Comment by rwl4
These kinds of products are drop dead gorgeous to me. Any time I see a device that has an Amiga 500 form factor or similar, I feel a compulsive urge to click buy. But after many, many of such purchases, I've learned my lesson.
I buy it, I play with it a little bit, but the reality is my phone, iPad, or my laptop can do every single thing better.
Maybe not with the same swagger. But ultimately, as I get older I realize I'm trying to produce with the least friction possible, and usually these devices have either highly constrained touch interfaces, shrunken keyboards, or both.
I've always said that if somebody would create a new HP 200LX device with the same chicklet keyboard that I'd buy it in an instant. But now I realize that "ideal" device for me just reaches back to my contextual memory of state of the art devices of the time. A time when we couldn't type on a 6" screen, or use a detachable keyboard. So a chiclet keyboard you could thumb type at 40wpm was a revelation. But we have come a long way.
In the end, alas, these devices really are just a novelty, at least for me.
> But now I realize that "ideal" device for me just reaches back to my contextual memory of state of the art devices of the time.
I think as well about that… as well as the work I do that pays my bills, and how efficiently I need to do it to keep my job.

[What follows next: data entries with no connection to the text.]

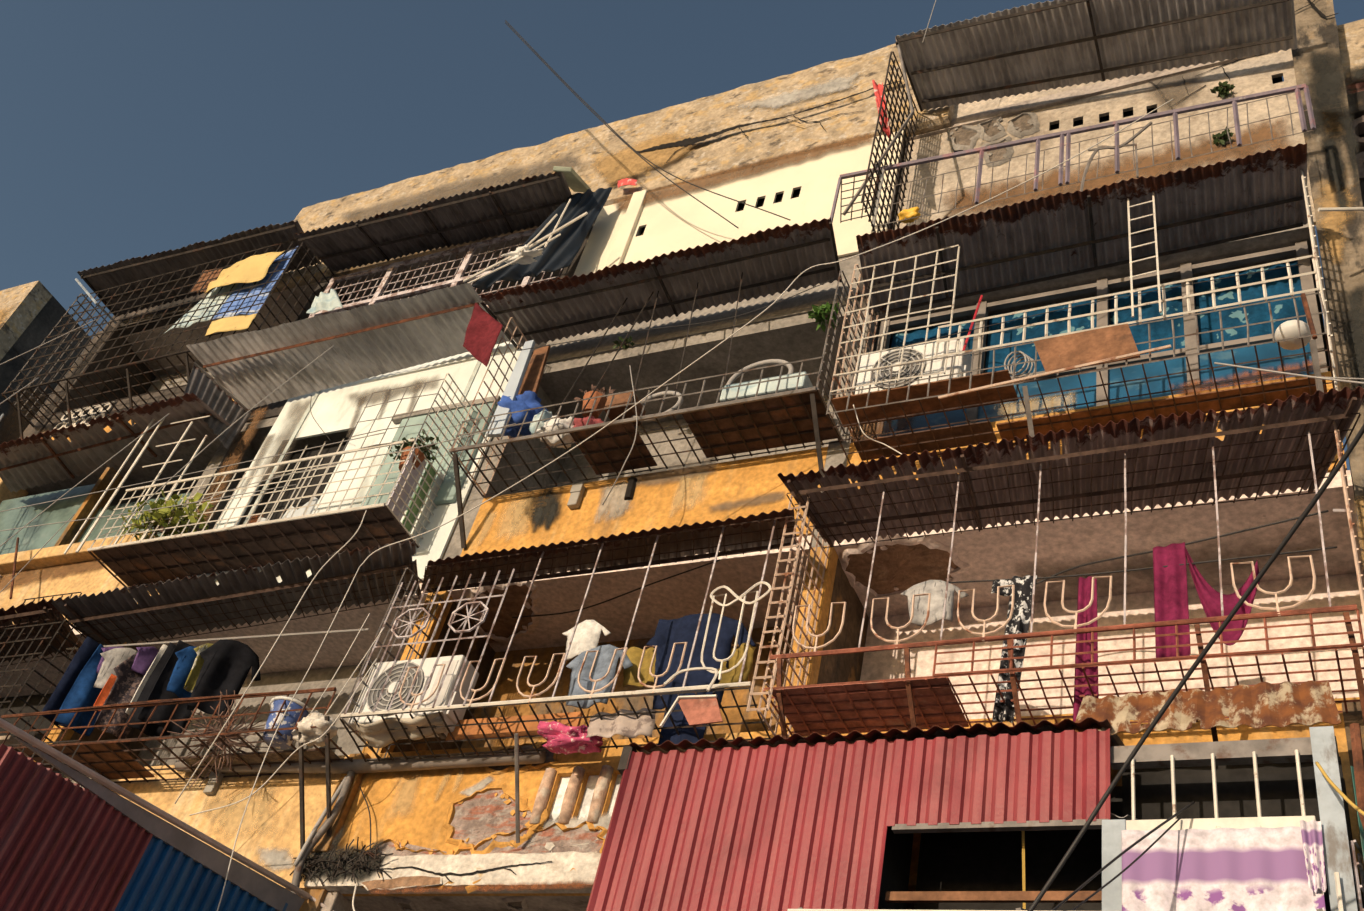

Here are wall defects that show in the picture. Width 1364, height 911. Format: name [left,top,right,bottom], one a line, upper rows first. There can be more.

crack [637,81,899,161]
flaking render [838,534,970,599]
flaking render [366,740,608,856]
peeling [359,875,482,893]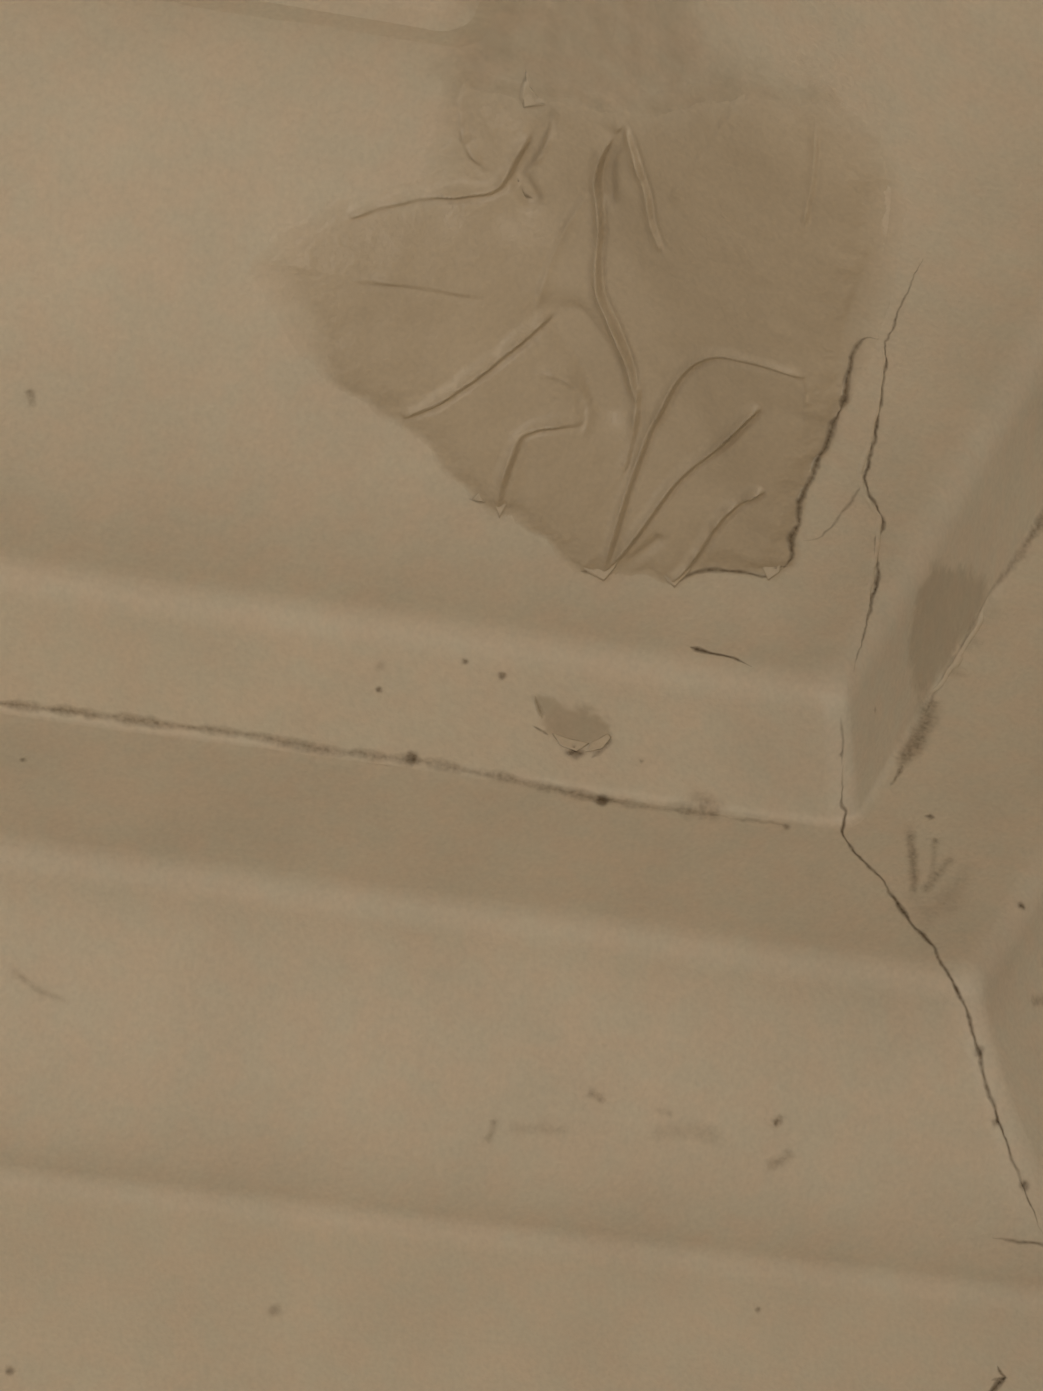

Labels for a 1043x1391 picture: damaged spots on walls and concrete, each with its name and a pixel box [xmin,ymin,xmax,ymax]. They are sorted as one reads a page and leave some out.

crack [841,816,981,1056]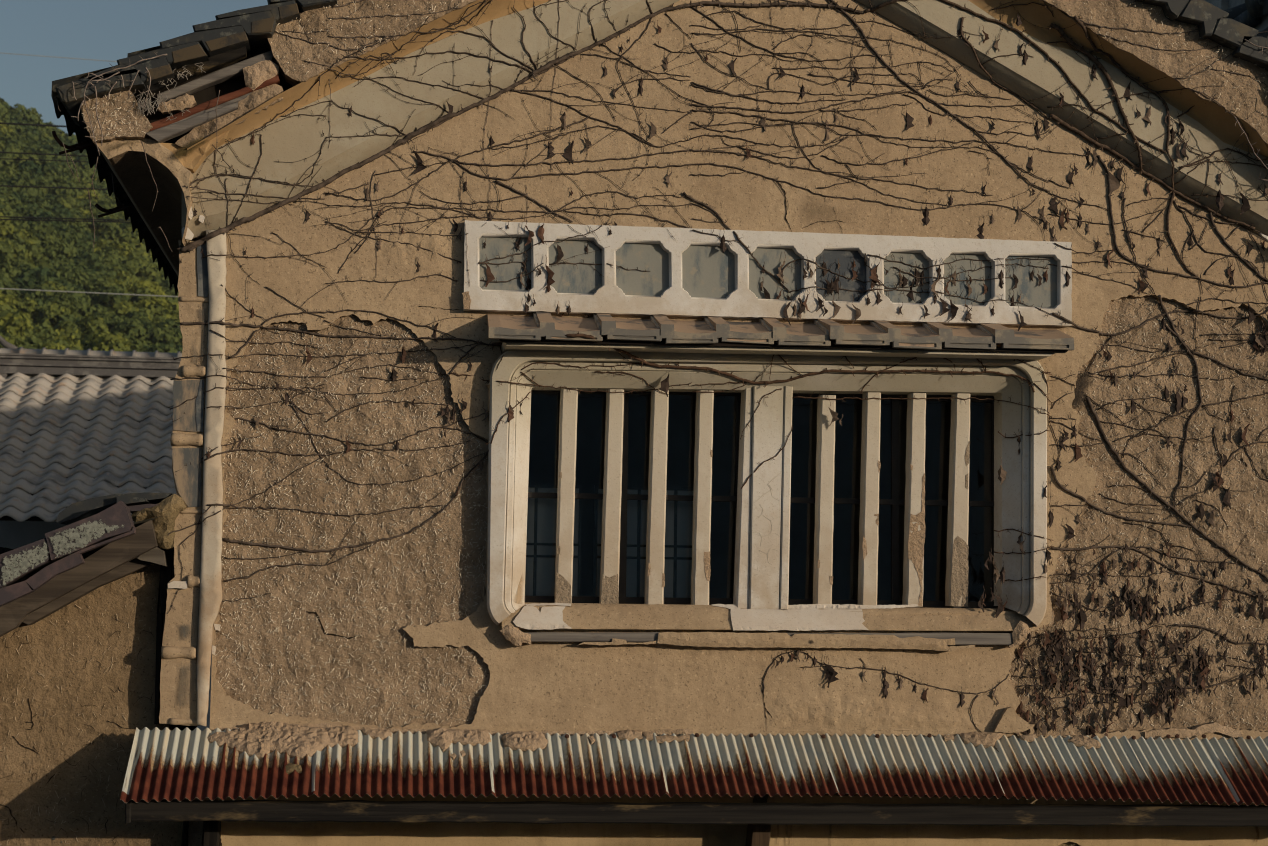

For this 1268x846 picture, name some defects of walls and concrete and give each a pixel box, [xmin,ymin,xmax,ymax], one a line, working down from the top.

flaking render [513,572,572,630]
flaking render [601,574,619,604]
flaking render [712,464,925,631]
flaking render [950,536,969,607]
crack [0,661,153,843]
corrosion [120,728,1268,806]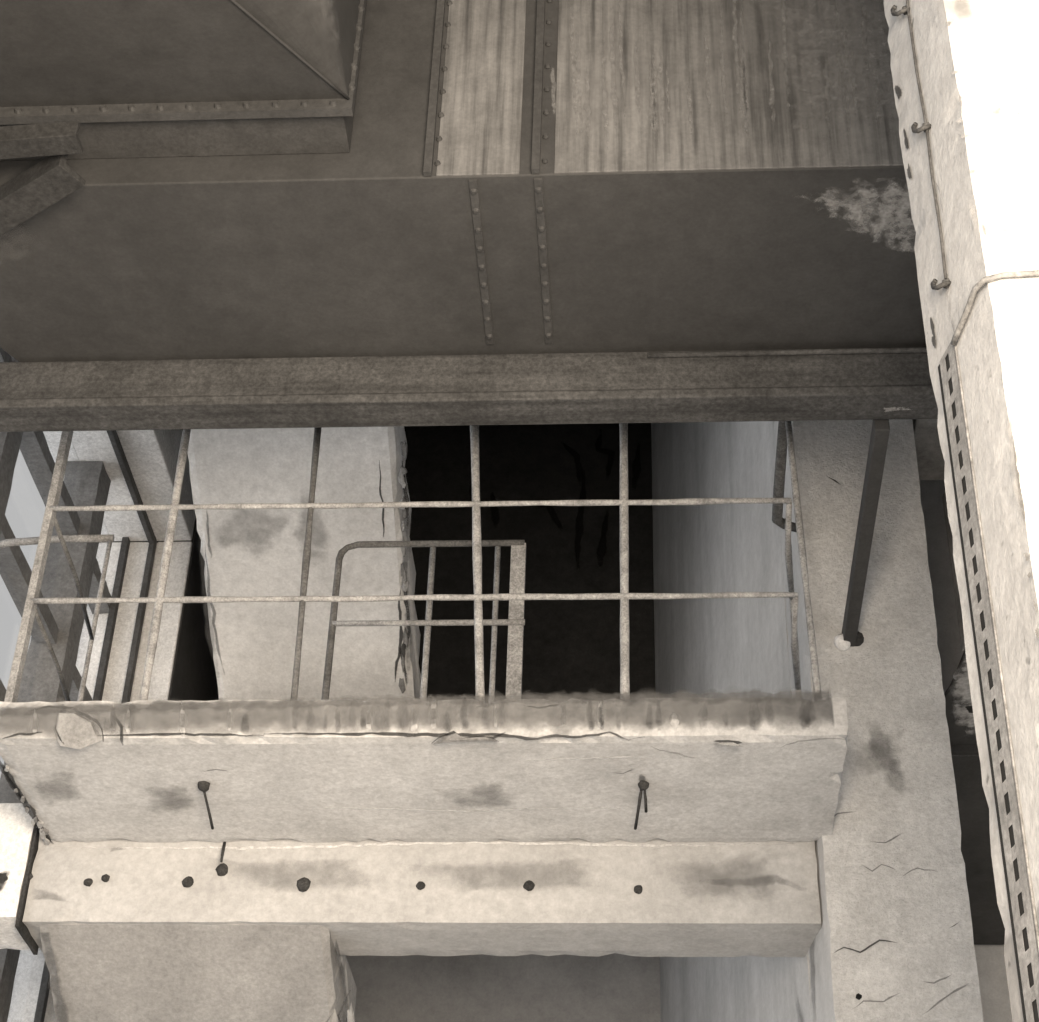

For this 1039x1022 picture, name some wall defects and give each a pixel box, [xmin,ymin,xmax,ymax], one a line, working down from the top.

spalling [395,441,411,694]
peeling [953,660,975,733]
water stain [136,841,709,850]
spalling [326,943,355,1022]

I get nostalgic after Psions. Small clamshell designs are great - I can do work on the go without lugging a fragile laptop!
Well, no, actually - I need to do things in R, _quickly_, at a speed and efficiency that wasn’t possible back in the 90s. And by the time I’m done I don’t have any patience for the virtues of “distraction free computing”!
Edge to edge high resolution screens that can simultaneously show graphics and an terminal and a ChatGPT session. The ability to constantly pipe large datasets into memory to and from disk, while holding up to R’s profligate use of memory.
I’m just not meaningfully productive otherwise. So: I would love this, but it would be a toy that I’m sure I’ll use for a bit while I wax nostalgic about the mythical days people did everything on a VT-100.